Колдуны и министры - Латынина Юлия Леонидовна. Страница 75
– Клянусь божьим зобом, – сказал товарищ Алдона, – вот так же перешибло скалу, когда умер отец Киссура!
Алдон зажал ему рукой рот и сказал:
– Не говори глупостей! Если ты скажешь такое Киссуру, он съест тебя живьем за оскорбление памяти отца!
И швырнул поскорее в грустных богов факел.

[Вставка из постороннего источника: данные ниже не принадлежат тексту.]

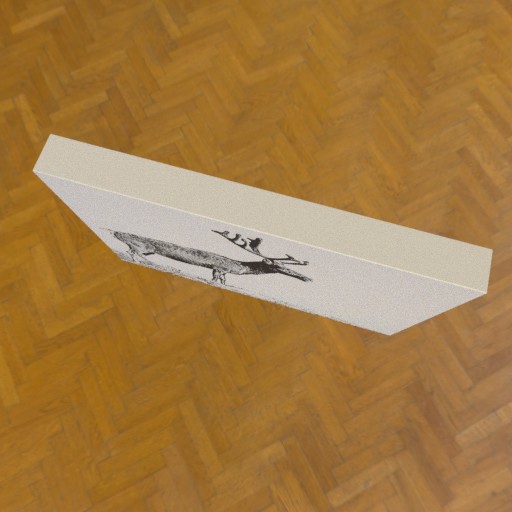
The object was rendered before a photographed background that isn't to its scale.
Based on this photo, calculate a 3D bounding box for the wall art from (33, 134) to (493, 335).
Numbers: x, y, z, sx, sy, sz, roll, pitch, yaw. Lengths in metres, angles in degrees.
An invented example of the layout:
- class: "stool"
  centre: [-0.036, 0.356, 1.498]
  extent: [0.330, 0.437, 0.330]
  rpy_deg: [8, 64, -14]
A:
- class: "wall art"
  centre: [0.000, 0.000, 0.486]
  extent: [0.381, 0.259, 0.038]
  rpy_deg: [16, 73, 5]
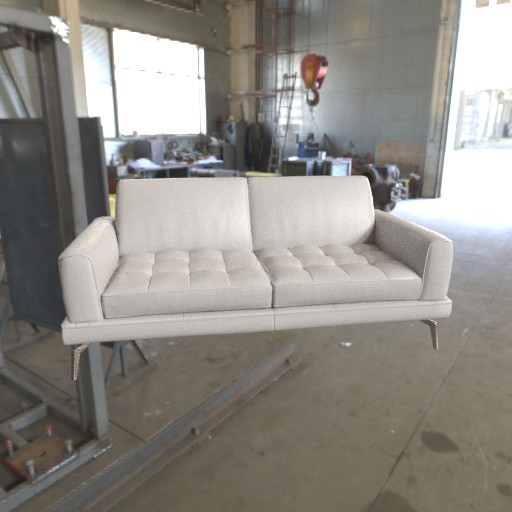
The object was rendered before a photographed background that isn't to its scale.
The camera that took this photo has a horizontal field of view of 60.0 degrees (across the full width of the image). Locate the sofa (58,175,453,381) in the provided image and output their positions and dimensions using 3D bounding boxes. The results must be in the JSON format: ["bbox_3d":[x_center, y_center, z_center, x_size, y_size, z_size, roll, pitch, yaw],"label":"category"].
[{"bbox_3d":[0.000,0.000,2.832,2.177,0.930,1.121,-2,16,-9],"label":"sofa"}]

На следующий день бывший министр финансов Чареника отправился во дворец, в покои Арфарры. Нельзя сказать, чтобы Чареника радовался предстоящему визиту, а если точнее, у него препротивно дрожали колени и во рту ощущалась какая-то сухость. Из кабинета первого министра наружу вели две двери, и одна была обита красным шелком, а другая – черным шелком. Через дверь, обитую красным шелком, выходили люди с поручениями и наградами, а через дверь, обитую черным шелком, выводили людей за цепочку на шее.
Чаренику не покидало предчувствие, что сегодня его выведут из кабинета через дверь, обитую черным шелком. Он готов был откусить себе язык за то, что два дня назад сказал при государе, что Арфарра столковался с Наном. И взбредет же в голову подобная глупость!
А сам Нан? Сумасшедший человек! Мало того, что разругался со всеми и сгинул, так еще и утащил с собой сосунка! Чареника покачал головой и подумал, что, если бы ему пришлось бежать из столицы, разве он, будучи разумным человеком, взял бы с собой годовалого мальчишку? Он бы взял с собой мешочек с золотом и иными вещами, облегчающими путь…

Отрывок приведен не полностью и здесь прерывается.